» **What is expected**:
Strip the pictures, then copy the remaining data exactly as it stands.

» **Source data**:

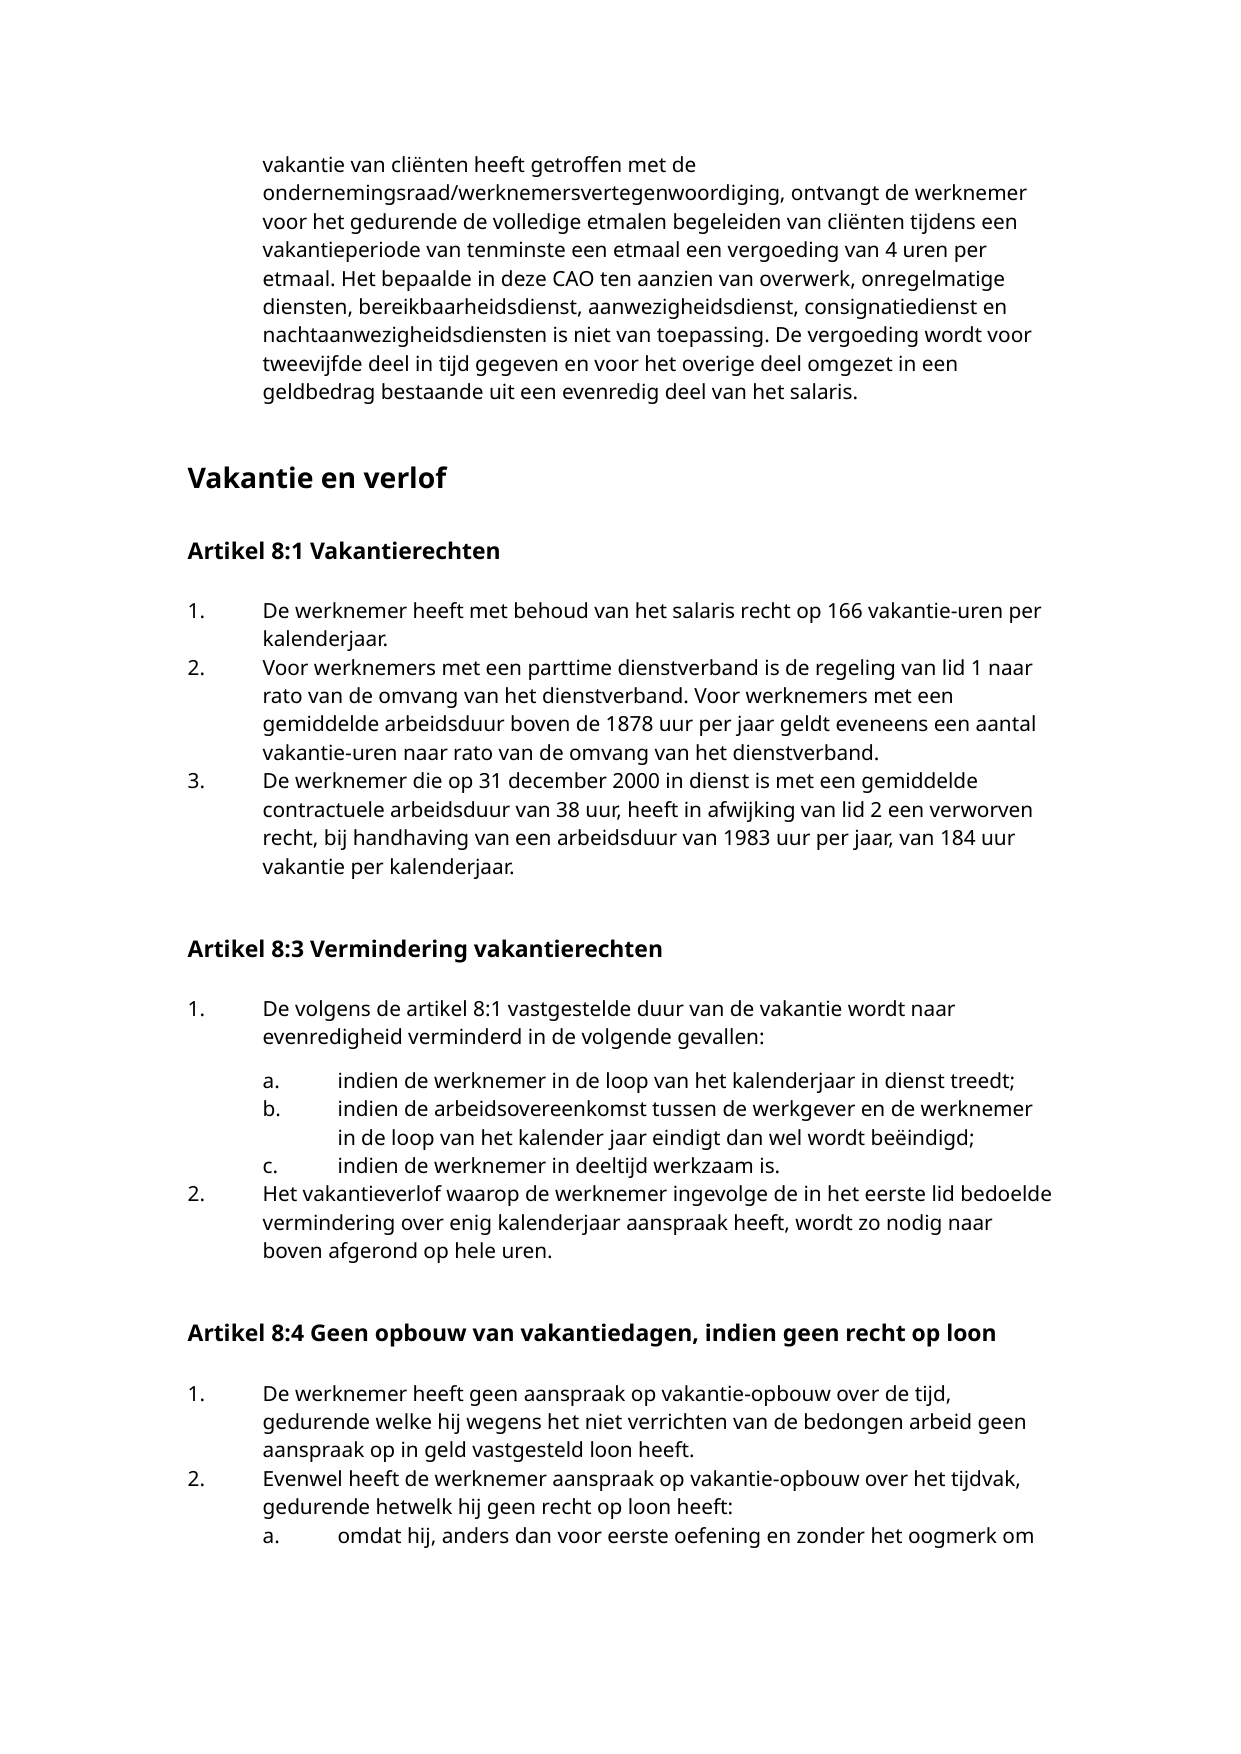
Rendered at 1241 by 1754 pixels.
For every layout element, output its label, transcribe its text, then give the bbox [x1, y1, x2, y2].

list Het vakantieverlof waarop de werknemer ingevolge de in het eerste lid bedoelde vermindering over enig kalenderjaar aanspraak heeft, wordt zo nodig naar boven afgerond op hele uren. [187, 1179, 1053, 1265]
subtitle Artikel 8:1 Vakantierechten [187, 534, 1053, 566]
subtitle Vakantie en verlof [187, 458, 1053, 497]
list Voor werknemers met een parttime dienstverband is de regeling van lid 1 naar rato van de omvang van het dienstverband. Voor werknemers met een gemiddelde arbeidsduur boven de 1878 uur per jaar geldt eveneens een aantal vakantie-uren naar rato van de omvang van het dienstverband. [187, 653, 1053, 766]
list vakantie van cliënten heeft getroffen met de ondernemingsraad/werknemersvertegenwoordiging, ontvangt de werknemer voor het gedurende de volledige etmalen begeleiden van cliënten tijdens een vakantieperiode van tenminste een etmaal een vergoeding van 4 uren per etmaal. Het bepaalde in deze CAO ten aanzien van overwerk, onregelmatige diensten, bereikbaarheidsdienst, aanwezigheidsdienst, consignatiedienst en nachtaanwezigheidsdiensten is niet van toepassing. De vergoeding wordt voor tweevijfde deel in tijd gegeven en voor het overige deel omgezet in een geldbedrag bestaande uit een evenredig deel van het salaris. [187, 150, 1053, 406]
subtitle Artikel 8:3 Vermindering vakantierechten [187, 933, 1053, 964]
list indien de arbeidsovereenkomst tussen de werkgever en de werknemer in de loop van het kalender jaar eindigt dan wel wordt beëindigd; [262, 1094, 1053, 1151]
list indien de werknemer in de loop van het kalenderjaar in dienst treedt; [262, 1066, 1053, 1094]
list De werknemer die op 31 december 2000 in dienst is met een gemiddelde contractuele arbeidsduur van 38 uur, heeft in afwijking van lid 2 een verworven recht, bij handhaving van een arbeidsduur van 1983 uur per jaar, van 184 uur vakantie per kalenderjaar. [187, 766, 1053, 880]
subtitle Artikel 8:4 Geen opbouw van vakantiedagen, indien geen recht op loon [187, 1317, 1053, 1349]
list indien de werknemer in deeltijd werkzaam is. [262, 1151, 1053, 1179]
list De werknemer heeft met behoud van het salaris recht op 166 vakantie-uren per kalenderjaar. [187, 596, 1053, 653]
list Evenwel heeft de werknemer aanspraak op vakantie-opbouw over het tijdvak, gedurende hetwelk hij geen recht op loon heeft: [187, 1464, 1053, 1521]
list De volgens de artikel 8:1 vastgestelde duur van de vakantie wordt naar evenredigheid verminderd in de volgende gevallen: [187, 994, 1053, 1051]
list De werknemer heeft geen aanspraak op vakantie-opbouw over de tijd, gedurende welke hij wegens het niet verrichten van de bedongen arbeid geen aanspraak op in geld vastgesteld loon heeft. [187, 1379, 1053, 1464]
list omdat hij, anders dan voor eerste oefening en zonder het oogmerk om [262, 1521, 1053, 1549]

» **Answer below**:
Rendered at 1241 by 1754 pixels.
For every layout element, output its label, transcribe its text, then give the bbox [x1, y1, x2, y2].

list Het vakantieverlof waarop de werknemer ingevolge de in het eerste lid bedoelde vermindering over enig kalenderjaar aanspraak heeft, wordt zo nodig naar boven afgerond op hele uren. [187, 1179, 1053, 1265]
subtitle Artikel 8:1 Vakantierechten [187, 534, 1053, 566]
subtitle Vakantie en verlof [187, 458, 1053, 497]
list Voor werknemers met een parttime dienstverband is de regeling van lid 1 naar rato van de omvang van het dienstverband. Voor werknemers met een gemiddelde arbeidsduur boven de 1878 uur per jaar geldt eveneens een aantal vakantie-uren naar rato van de omvang van het dienstverband. [187, 653, 1053, 766]
list vakantie van cliënten heeft getroffen met de ondernemingsraad/werknemersvertegenwoordiging, ontvangt de werknemer voor het gedurende de volledige etmalen begeleiden van cliënten tijdens een vakantieperiode van tenminste een etmaal een vergoeding van 4 uren per etmaal. Het bepaalde in deze CAO ten aanzien van overwerk, onregelmatige diensten, bereikbaarheidsdienst, aanwezigheidsdienst, consignatiedienst en nachtaanwezigheidsdiensten is niet van toepassing. De vergoeding wordt voor tweevijfde deel in tijd gegeven en voor het overige deel omgezet in een geldbedrag bestaande uit een evenredig deel van het salaris. [187, 150, 1053, 406]
subtitle Artikel 8:3 Vermindering vakantierechten [187, 933, 1053, 964]
list indien de arbeidsovereenkomst tussen de werkgever en de werknemer in de loop van het kalender jaar eindigt dan wel wordt beëindigd; [262, 1094, 1053, 1151]
list indien de werknemer in de loop van het kalenderjaar in dienst treedt; [262, 1066, 1053, 1094]
list De werknemer die op 31 december 2000 in dienst is met een gemiddelde contractuele arbeidsduur van 38 uur, heeft in afwijking van lid 2 een verworven recht, bij handhaving van een arbeidsduur van 1983 uur per jaar, van 184 uur vakantie per kalenderjaar. [187, 766, 1053, 880]
subtitle Artikel 8:4 Geen opbouw van vakantiedagen, indien geen recht op loon [187, 1317, 1053, 1349]
list indien de werknemer in deeltijd werkzaam is. [262, 1151, 1053, 1179]
list De werknemer heeft met behoud van het salaris recht op 166 vakantie-uren per kalenderjaar. [187, 596, 1053, 653]
list Evenwel heeft de werknemer aanspraak op vakantie-opbouw over het tijdvak, gedurende hetwelk hij geen recht op loon heeft: [187, 1464, 1053, 1521]
list De volgens de artikel 8:1 vastgestelde duur van de vakantie wordt naar evenredigheid verminderd in de volgende gevallen: [187, 994, 1053, 1051]
list De werknemer heeft geen aanspraak op vakantie-opbouw over de tijd, gedurende welke hij wegens het niet verrichten van de bedongen arbeid geen aanspraak op in geld vastgesteld loon heeft. [187, 1379, 1053, 1464]
list omdat hij, anders dan voor eerste oefening en zonder het oogmerk om [262, 1521, 1053, 1549]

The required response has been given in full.